We upgrade our earnings for FY17 by 6.8 per cent, due to assumption of higher GRM. However, we cut our earnings estimates for FY18 by five per cent, to factor in a gradual ramp-up of petcoke gasifier. We maintain a 'Buy' rating, with a revised target price of Rs 1,275.
Some brokerage takes:
ElaraCapital
Benchmark gross refining margins (GRMs) are expected to remain weak, considering the huge stockpiles, weakness in demand due to the impact of Brexit (the British vote to leave the European Union) and expiry of tax breaks on smaller vehicles in China from January. We expect GRM to moderate to $8.8/barrel in FY18, even with commissioning of the petcoke gasifier. We value refining and marketing at Rs 407, using six times the FY18 EV/Ebitda (enterprise value to operating earnings). Petchem is valued at Rs 459, using six times the FY18 EV/Ebitda. We add Rs 55 for the E&P (exploration and production) assets and another Rs 44 for its investments and net debt, to arrive at a valuation of Rs 966, and reiterate our 'Sell' recommendation.
Deutsche Bank
RIL reported strong Q1 results, with the highest ever net profit of Rs 7,550 crore, led by robust refining margin of $11.5/barrel. Over the next six to nine months, RIL should commission projects with investments of $38 billion (75 per cent of its market cap). Contribution from capacity additions in its core business and robust downstream margins should drive Ebitda (excluding telecom) growth of 50 per cent in FY16-18. However, we cut the FY17 estimate of EPS (earnings per share) by two per cent and our target price by one per cent, to factor in the delay in the ramp-up of the petcoke gasification project.

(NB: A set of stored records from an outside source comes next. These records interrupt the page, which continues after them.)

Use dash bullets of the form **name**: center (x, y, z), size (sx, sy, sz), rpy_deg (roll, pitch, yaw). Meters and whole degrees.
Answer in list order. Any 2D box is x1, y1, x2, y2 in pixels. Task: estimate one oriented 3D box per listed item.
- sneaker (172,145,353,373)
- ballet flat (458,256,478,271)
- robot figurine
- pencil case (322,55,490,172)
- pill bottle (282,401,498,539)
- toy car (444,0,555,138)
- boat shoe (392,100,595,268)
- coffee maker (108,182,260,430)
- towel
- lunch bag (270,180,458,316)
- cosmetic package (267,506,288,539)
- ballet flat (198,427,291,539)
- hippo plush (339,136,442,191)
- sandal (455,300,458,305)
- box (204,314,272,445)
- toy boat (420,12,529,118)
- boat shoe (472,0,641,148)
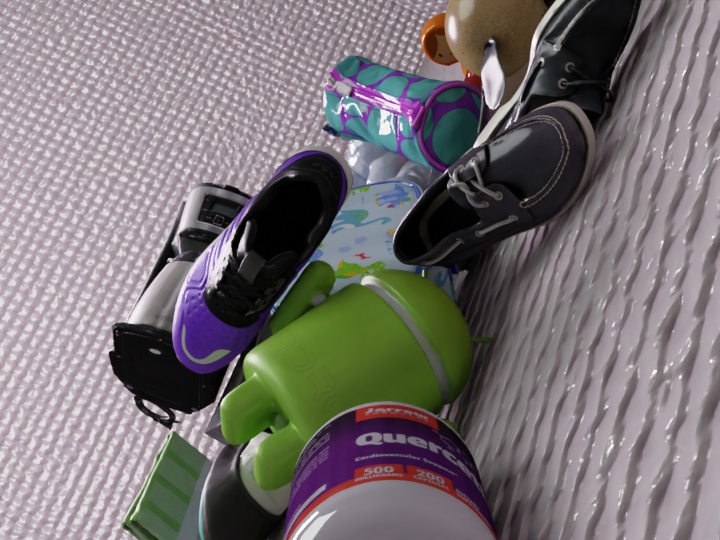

The management has maintained its positive outlook on its core business margin. Also, there is no change in its core capex plan in terms of time line and cost. The management has indicated higher capex for telecom beyond Rs 150,000 crore but still no clarity on its launch. The uplift on higher GRMs is backed by inventory gain but given the weak cracks, the Q2 margin might remain weak. Thus, unless GRM picks up from the current level of $5/bbl, the stock price would remain range-bound. With no change in estimates, we maintain a 'Buy' rating.
IIFL
RIL’s profit after tax beat our estimates due to higher than expected refining profits, led by higher GRMs. The company did not see any material impact on profitability due to adoption of Ind-AS (the new accounting standards). Commissioning timelines of the petcoke gassifier and off-gas cracker remain intact for the second half. RIL did not guide (announce) a firm timeline for commercial launch of Jio (the telecom venture), although it is in the final phases of network testing.
We upgrade our earnings for FY17 by 6.8 per cent, due to assumption of higher GRM. However, we cut our earnings estimates for FY18 by five per cent, to factor in a gradual ramp-up of petcoke gasifier. We maintain a 'Buy' rating, with a revised target price of Rs 1,275.